* _What is being asked_: In the listing beneath this line, copy exactly the lines starting with the one containing "#2 box from (123, 7) to (204, 59)" and going on through the one containing "(roll, pitch, yaw))".

+++ Material for this exercise +++

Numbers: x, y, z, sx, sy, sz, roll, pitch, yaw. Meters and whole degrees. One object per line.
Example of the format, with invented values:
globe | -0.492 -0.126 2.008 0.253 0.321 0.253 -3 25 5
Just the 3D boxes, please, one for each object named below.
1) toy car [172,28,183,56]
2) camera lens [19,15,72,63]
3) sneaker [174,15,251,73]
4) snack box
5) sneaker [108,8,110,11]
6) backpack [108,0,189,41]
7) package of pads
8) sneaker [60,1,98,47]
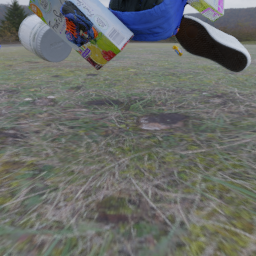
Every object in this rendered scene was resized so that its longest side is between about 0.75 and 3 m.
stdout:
toy car | 1.674 -3.077 9.351 1.746 0.856 0.581 26 31 -52
camera lens | -2.887 -3.122 9.774 1.355 1.355 1.694 -17 38 -38
sneaker | 2.743 -2.763 9.232 2.790 1.016 1.181 39 37 13
snack box | -1.252 -2.706 7.089 0.655 2.473 1.759 -55 18 -20
sneaker | -0.483 -3.710 10.722 0.974 2.931 1.326 49 31 10
backpack | 0.701 -3.211 7.224 1.792 1.851 2.206 8 61 31
package of pads | 2.461 -4.237 8.971 1.483 1.145 0.506 20 -21 -29
sneaker | -0.867 -1.699 4.800 0.472 0.491 1.253 45 4 9
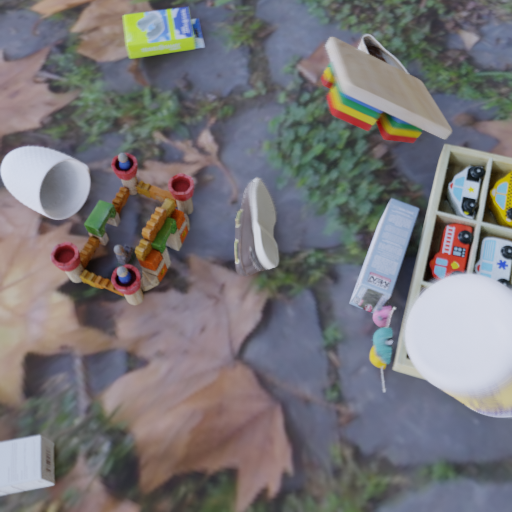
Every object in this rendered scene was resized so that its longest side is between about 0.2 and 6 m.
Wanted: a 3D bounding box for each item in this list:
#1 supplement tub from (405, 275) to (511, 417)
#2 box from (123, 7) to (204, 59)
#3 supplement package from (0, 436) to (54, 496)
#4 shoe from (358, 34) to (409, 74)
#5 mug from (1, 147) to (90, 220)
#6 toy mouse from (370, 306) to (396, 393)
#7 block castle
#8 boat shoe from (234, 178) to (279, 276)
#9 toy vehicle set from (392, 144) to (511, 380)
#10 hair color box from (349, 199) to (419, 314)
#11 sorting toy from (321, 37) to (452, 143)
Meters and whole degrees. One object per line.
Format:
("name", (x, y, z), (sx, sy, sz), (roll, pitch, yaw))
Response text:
("supplement tub", (2.815, 1.178, 6.853), (1.383, 1.903, 1.383), (-22, 53, 31))
("box", (-1.932, -4.671, 11.690), (1.566, 0.373, 0.955), (-10, 63, -4))
("supplement package", (-3.306, 2.851, 7.540), (1.007, 0.590, 0.588), (-9, 62, -5))
("shoe", (2.526, -3.445, 10.910), (0.753, 0.575, 2.155), (-19, 64, -10))
("mug", (-3.553, -1.379, 9.640), (1.263, 1.064, 1.441), (23, 33, 26))
("toy mouse", (1.832, 1.111, 8.167), (0.255, 1.173, 1.320), (5, 49, 8))
("block castle", (-2.059, -0.484, 9.049), (1.531, 1.075, 2.291), (21, 64, 10))
("boat shoe", (-0.055, -0.508, 9.210), (0.600, 0.724, 2.015), (-26, 43, 22))
("toy vehicle set", (3.744, 0.236, 8.702), (2.419, 0.516, 3.893), (14, 69, 10))
("hair color box", (2.041, 0.008, 8.920), (0.502, 0.819, 1.655), (22, 64, 7))
("sorting toy", (2.076, -2.683, 9.550), (1.966, 0.688, 1.978), (19, 37, -18))
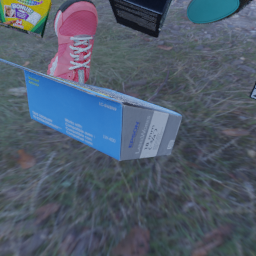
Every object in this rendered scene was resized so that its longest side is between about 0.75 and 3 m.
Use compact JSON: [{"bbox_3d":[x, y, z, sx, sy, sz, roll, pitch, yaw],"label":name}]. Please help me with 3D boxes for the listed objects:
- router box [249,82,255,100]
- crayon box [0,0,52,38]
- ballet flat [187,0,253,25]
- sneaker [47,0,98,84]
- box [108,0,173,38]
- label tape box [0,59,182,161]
[{"bbox_3d":[2.506,-1.102,4.570,0.363,1.093,1.390,27,36,23],"label":"router box"},{"bbox_3d":[-2.213,-2.487,5.987,0.962,0.830,0.280,14,-3,-10],"label":"crayon box"},{"bbox_3d":[2.703,-3.348,6.734,2.682,0.965,0.965,-19,23,42],"label":"ballet flat"},{"bbox_3d":[-0.923,-1.314,5.226,0.798,2.166,0.939,-11,61,-29],"label":"sneaker"},{"bbox_3d":[0.594,-3.850,7.037,1.459,2.354,2.314,22,7,0],"label":"box"},{"bbox_3d":[-0.487,-0.203,4.133,1.763,0.774,2.445,22,9,30],"label":"label tape box"}]
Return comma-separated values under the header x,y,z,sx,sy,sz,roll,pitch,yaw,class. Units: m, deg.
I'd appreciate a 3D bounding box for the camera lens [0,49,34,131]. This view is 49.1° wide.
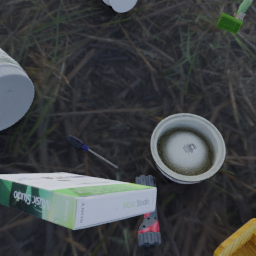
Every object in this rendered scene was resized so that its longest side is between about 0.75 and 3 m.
x,y,z,sx,sy,sz,roll,pitch,yaw,class
-4.498,-1.491,8.335,2.807,2.246,2.246,39,69,18,camera lens

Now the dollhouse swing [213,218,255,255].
x,y,z,sx,sy,sz,roll,pitch,yaw,class
2.765,3.076,6.455,1.508,1.326,1.371,-30,66,-16,dollhouse swing

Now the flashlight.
x,y,z,sx,sy,sz,roll,pitch,yaw,class
0.475,2.144,7.378,0.604,0.602,1.777,-19,58,22,flashlight

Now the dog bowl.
x,y,z,sx,sy,sz,roll,pitch,yaw,class
1.647,0.658,8.049,2.096,0.773,2.096,0,61,0,dog bowl

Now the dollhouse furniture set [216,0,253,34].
x,y,z,sx,sy,sz,roll,pitch,yaw,class
3.015,-3.287,7.894,0.597,0.773,1.547,26,60,6,dollhouse furniture set

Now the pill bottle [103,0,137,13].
x,y,z,sx,sy,sz,roll,pitch,yaw,class
-0.635,-5.865,11.122,1.464,1.464,2.592,-22,65,-11,pill bottle

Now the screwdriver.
x,y,z,sx,sy,sz,roll,pitch,yaw,class
-1.063,0.733,8.338,1.863,0.271,0.260,31,67,12,screwdriver

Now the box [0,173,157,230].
x,y,z,sx,sy,sz,roll,pitch,yaw,class
-1.146,1.220,5.270,2.769,1.998,0.503,-1,83,39,box
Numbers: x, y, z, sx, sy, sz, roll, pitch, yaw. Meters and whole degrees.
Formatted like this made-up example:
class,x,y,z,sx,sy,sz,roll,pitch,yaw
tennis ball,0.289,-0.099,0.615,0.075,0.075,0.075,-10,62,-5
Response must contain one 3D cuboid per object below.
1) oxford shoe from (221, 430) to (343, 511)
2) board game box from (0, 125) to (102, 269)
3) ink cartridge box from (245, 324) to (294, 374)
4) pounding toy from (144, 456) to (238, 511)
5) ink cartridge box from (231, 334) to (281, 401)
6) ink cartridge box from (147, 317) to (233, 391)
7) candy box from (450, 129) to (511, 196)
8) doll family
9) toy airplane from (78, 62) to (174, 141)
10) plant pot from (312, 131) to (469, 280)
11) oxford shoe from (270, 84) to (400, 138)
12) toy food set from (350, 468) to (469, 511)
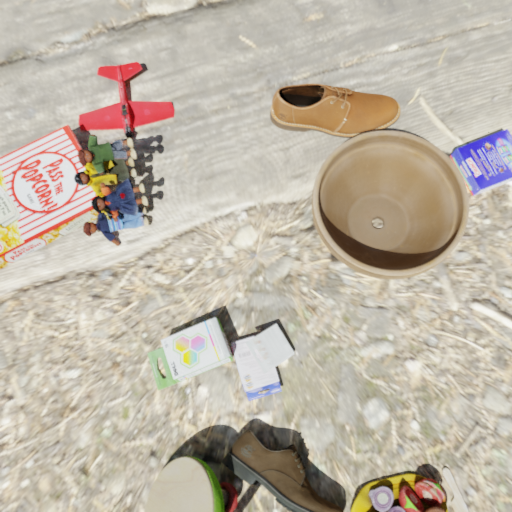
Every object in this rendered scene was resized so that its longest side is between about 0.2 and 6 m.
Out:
class,x,y,z,sx,sy,sz,roll,pitch,yaw
oxford shoe,0.576,3.621,9.163,2.185,0.794,0.922,32,74,9
board game box,-4.254,-1.147,10.748,2.460,0.570,1.864,-30,75,-9
ink cartridge box,0.221,1.649,9.861,0.797,0.200,0.646,-26,80,-37
pounding toy,-0.791,4.339,8.733,1.766,1.062,2.288,-51,38,16
ink cartridge box,-0.001,1.978,9.960,0.642,0.226,1.076,-15,71,-9
ink cartridge box,-1.207,1.725,9.831,1.449,0.430,0.752,-22,68,-1
candy box,4.597,-1.830,11.034,1.147,0.442,0.970,-21,75,-7
doll family,-2.726,-1.173,10.295,1.195,0.811,2.067,-18,100,-23
toy airplane,-2.690,-3.205,11.502,2.000,0.368,2.000,1,73,-2
plant pot,2.333,-0.795,10.284,2.734,1.262,2.734,0,73,-1
oxford shoe,1.620,-2.968,11.147,2.650,0.944,0.945,-1,71,-2
toy food set,2.539,4.179,9.051,2.009,0.656,1.182,-13,73,-4

+++

* _Problem solution_:
#2 box from (123, 7) to (204, 59)
#3 supplement package from (0, 436) to (54, 496)
#4 shoe from (358, 34) to (409, 74)
#5 mug from (1, 147) to (90, 220)
#6 toy mouse from (370, 306) to (396, 393)
#7 block castle
#8 boat shoe from (234, 178) to (279, 276)
#9 toy vehicle set from (392, 144) to (511, 380)
#10 hair color box from (349, 199) to (419, 314)
#11 sorting toy from (321, 37) to (452, 143)
Meters and whole degrees. One object per line.
Format:
("name", (x, y, z), (sx, sy, sz), (roll, pitch, yaw))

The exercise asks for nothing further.